Breaking down PPM: Primitive Parsing

Before trying to move on to the other more complex parsers defined in this specification, it is going to be helpful to outline some of the primitive parsers made available in the DaeDaLus standard library, pointing to their uses in the PPM example where appropriate:

UInt8

The parser UInt8 parses a single byte of input, failing if there are no bytes left to consume. When it succeeds, it constructs a semantic value of type uint 8. The PPM example doesn’t use this parser, but later we will see examples of parsers that do.

Note

Use UInt8 when you need to parse a single specific byte from input.

$[...]

$[...] parses a single byte of input that matches any of the bytes specified by the content in the square brackets. We can specify inclusive ranges of bytes, such as '0' .. '9', or we can specify the set elements explicitly, as in this example from the PPM specification:

def WS = $[0 | 9 | 12 | 32 | '\n' | '\r']

Note

Use $[...] when you need to parse one of a finite set of bytes.

Match ...

Match parses a particular sequence of bytes in the input, returning a semantic value that is an array of bytes (whose type is written [uint 8].) As an example, we can write Match "keyword" to match exactly those bytes corresponding to the string "keyword". We can also utilize this parser when working with binary formats, where we may find it useful to precisely specify the bytes we’re expecting, e.g. Match [0x00, 0x01] which will match the two bytes 0 and 1.

In the declaration for the parser PPM, we use Match "P" to consume the first part of the aforementioned PPM “magic number”; we could have just as well used $['P'] here, but the meaning in this case is the same.

Note

Use Match when you need to parse a specific sequence of bytes.

END

The parser END succeeds only if there is no additional input to be consumed. It results in the ‘trivial’ semantic value {}. Typically, a DaeDaLus parser succeeds consuming only a prefix of the input, but adding END to the end of our parsing sequence means we must consume the entire input in order to succeed.

The PPM specification does not use the END parser, so in fact, the generated parser will consume any input prefixed by a well-formed ASCII PPM; depending on the use-case, this may or may not be desirable.

Note

Use END when you want to guarantee full inputs are consumed.

^ ...

It is sometimes convenient to ‘lift’ a semantic value into a parser that consumes no input and always succeeds, returning that same semantic value; this is an important part of how data-dependent parsing works in DaeDaLus. We can accomplish this by placing a ^ before any semantic value. For example, ^ 'A' is a parser that consumes no input and always succeeds, producing the byte 'A' as a result. If we want to consume no input and return nothing interesting, we may write ^ {} (the same ‘trivial’ semantic value returned by the END parser); DaeDaLus also provides the synonym Accept for this trivially-succeeding parser for more readability.

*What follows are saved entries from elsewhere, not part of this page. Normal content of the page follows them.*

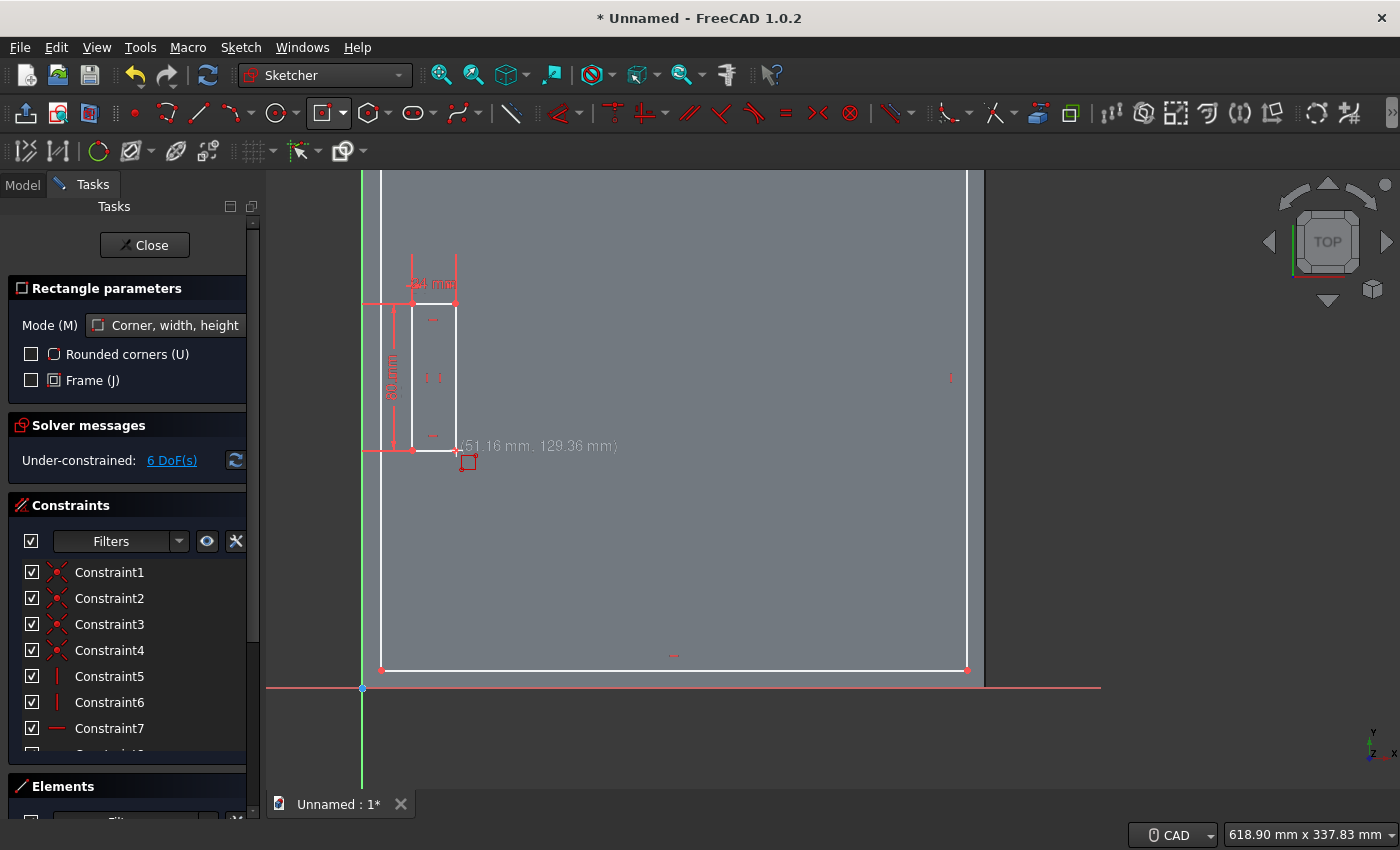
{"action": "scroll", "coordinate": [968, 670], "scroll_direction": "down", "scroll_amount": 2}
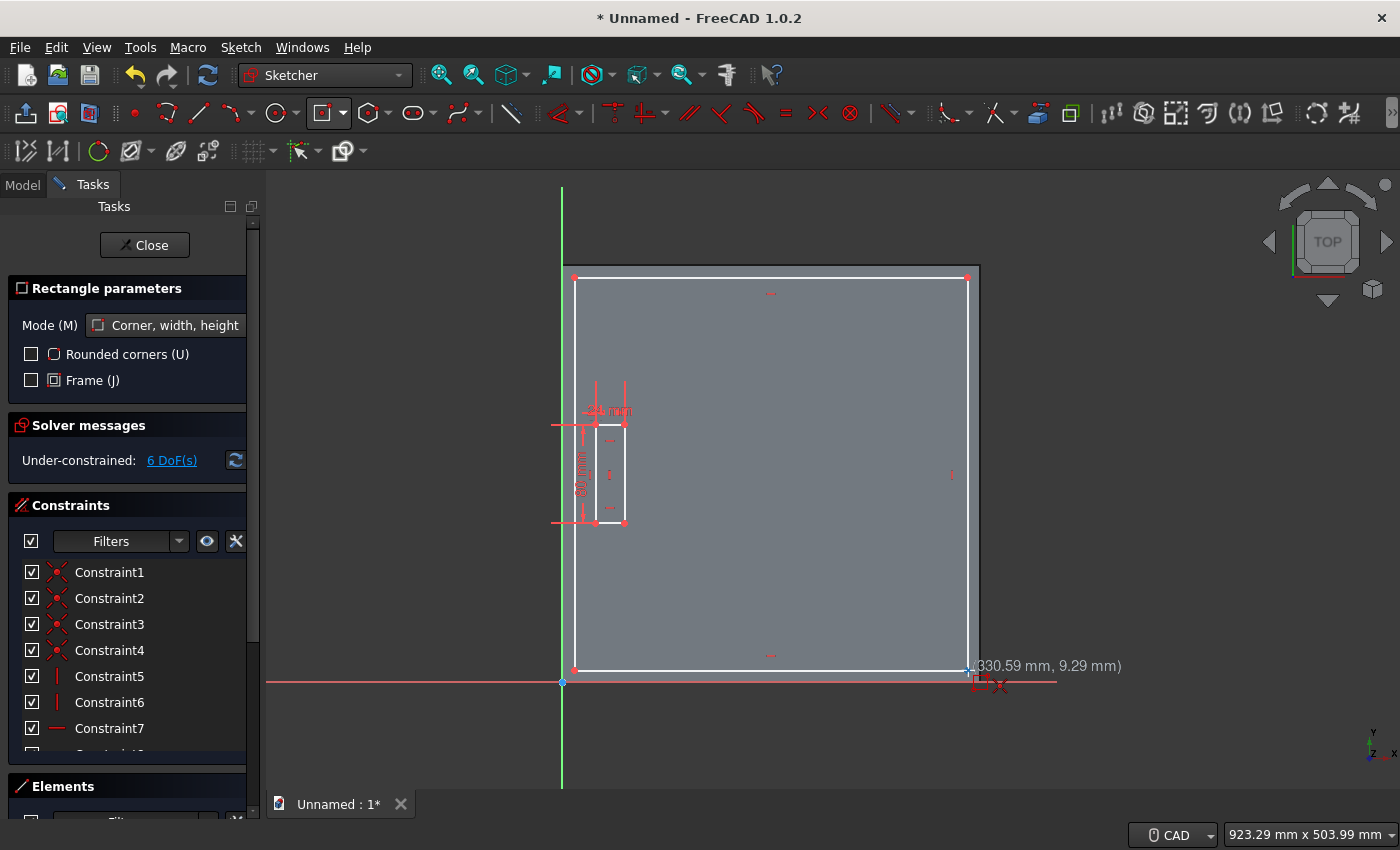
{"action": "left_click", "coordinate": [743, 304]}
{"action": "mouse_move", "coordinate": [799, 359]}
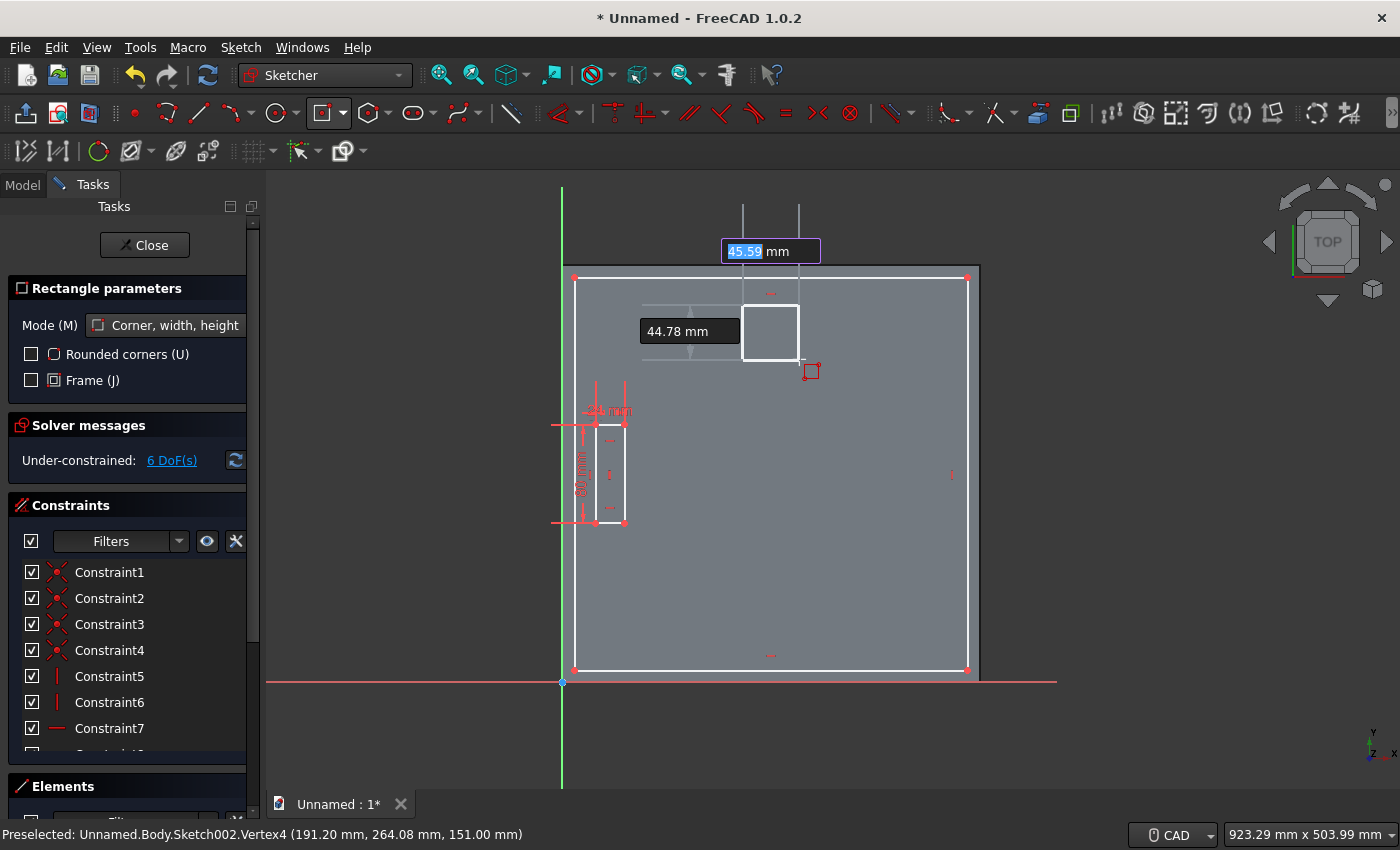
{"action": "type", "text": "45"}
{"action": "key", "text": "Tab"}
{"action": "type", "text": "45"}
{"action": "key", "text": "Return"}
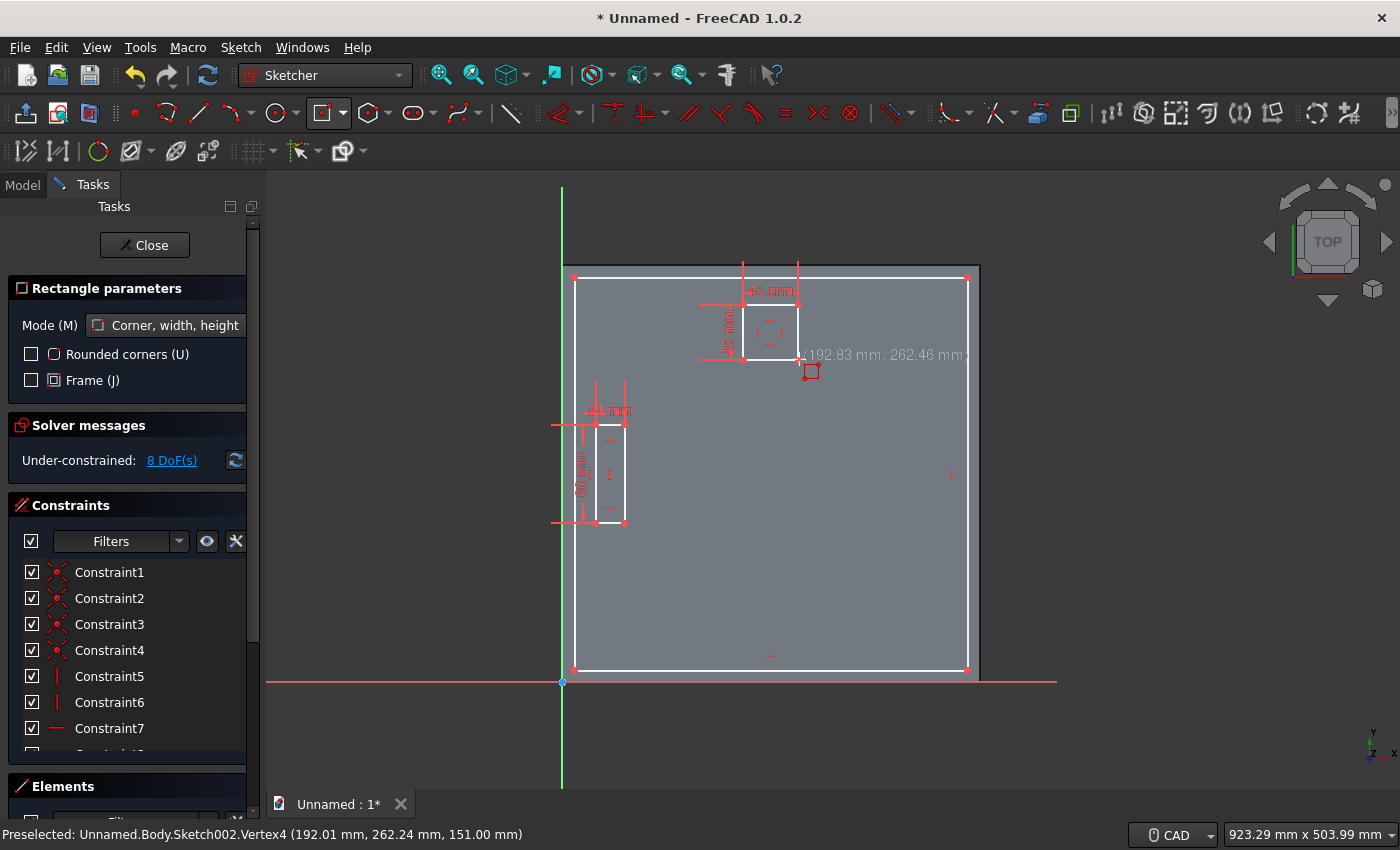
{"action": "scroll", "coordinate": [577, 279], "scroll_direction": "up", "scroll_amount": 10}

The idea here is best shown by example. Consider the declaration of the Digit parser:

def Digit =
  block
    let d = $['0' .. '9']
    ^ d - '0'

Parsers can only be combined with other parsers, so to transform the ASCII byte we read with $[...] into the actual digit it represents, we must write a parser that returns that transformed value. This is exactly the use for ^ since we don’t wish to read any additional input.

Parsers defined with ^ are called ‘pure’, because they do not consume any input (that is, they don’t alter the internal parsing state in any way.) We’ll see many more examples of this in the other formats we study.

Note

Use ^ ... to turn semantic values into parsers that don’t consume input.

Fail ...

We can trigger a failure with the Fail parser, which always fails. Optionally, we can provide a message to this parser which will be printed as part of the triggered failure; this is how you may indicate to users of your specifications what exactly went wrong while trying to parse.

The PPM example does not make use of the Fail parser; it is mostly useful when performing validation of parsed data, which is often better left to later stages of the processing done on layouts. We’ll have some more to say about this later.

Note

Use Fail ... to immediately stop parsing with an error message.